Benny was a barbecue fanatic. For years he had kept track of his favorites on a set of index cards that he continually updated, filling the backs and sides with arcane annotations. This summer he had transferred the entire file to a data bank in the personal computer in his office.
There was a pause as Benny was no doubt typing a Roscoe search request for his computer. “Ah, here we go,” he said. “Roscoe McCrary’s Hickory Bar-B-Que House. On 2719 Parnell. They serve hickory-smoked pig snouts.”
“Snouts? As in piggies’ noses?”
“Snouts, as in one of the best things you can put in your mouth without the consent of another adult.”
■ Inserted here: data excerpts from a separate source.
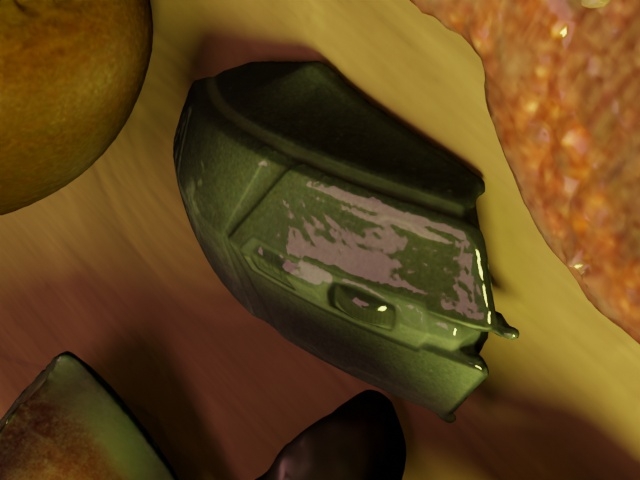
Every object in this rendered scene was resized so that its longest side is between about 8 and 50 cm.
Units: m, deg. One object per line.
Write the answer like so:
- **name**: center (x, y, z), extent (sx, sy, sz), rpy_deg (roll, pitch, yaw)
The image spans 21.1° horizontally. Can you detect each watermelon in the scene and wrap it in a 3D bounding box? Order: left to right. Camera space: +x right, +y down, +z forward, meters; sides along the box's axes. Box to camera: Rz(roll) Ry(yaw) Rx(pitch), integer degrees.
- **watermelon**: center (-0.194, 0.254, 1.077), extent (0.283, 0.293, 0.250), rpy_deg (60, 175, 11)

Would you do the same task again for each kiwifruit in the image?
- **kiwifruit**: center (-0.197, -0.105, 0.915), extent (0.234, 0.196, 0.196), rpy_deg (-26, 86, 54)

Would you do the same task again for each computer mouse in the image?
- **computer mouse**: center (-0.002, -0.001, 0.801), extent (0.231, 0.071, 0.126), rpy_deg (39, 137, 36)

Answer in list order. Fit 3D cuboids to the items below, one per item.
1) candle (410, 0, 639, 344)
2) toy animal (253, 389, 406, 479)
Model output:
- **candle**: center (0.124, -0.120, 0.510), extent (0.317, 0.131, 0.287), rpy_deg (60, 143, 11)
- **toy animal**: center (-0.008, 0.182, 0.795), extent (0.344, 0.303, 0.194), rpy_deg (155, 99, -81)

“No wonder we’re supposed to keep kosher.”
“Believe me, Rachel, if Moses had tasted one of Roscoe McCrary’s hickory-smoked pig snouts up on Mount Sinai, there’d be a special exemption in the laws of kashrut for certain parts of certain cloven-hoof mammals. God, my mouth is watering. What do you say, Rachel? I could be there tomorrow.”
“I’m okay so far, Benny. I’ll check in with you tomorrow. I promise.”
“You sure?”
“I’m sure.”
“Okay. But if I hear word of some tall, foxy white chick doing a pig snout carry-out at McCrary’s, I’m going to be crushed.”
“Trust me, Benny. I’ll call you tomorrow.”
***
“Rachel Gold?”
I was up at the Xerox machine copying pages from Stoddard Anderson’s appointment calendars. I turned and stared at the guy who had said my name. He looked about my age, and vaguely familiar.
“Rachel Gold, right?”
I nodded.
“Sandy Feldman. We were in high school together.”
I shook his hand. “Sure. Of course. I didn’t recognize you with the beard. How are you?”
“Great. I heard you were coming down to do something on Anderson’s estate. I haven’t seen you since high school, Rachel. You look terrific.”
“I didn’t know you worked here.”
“I came over from Thompson and Mitchell last fall.”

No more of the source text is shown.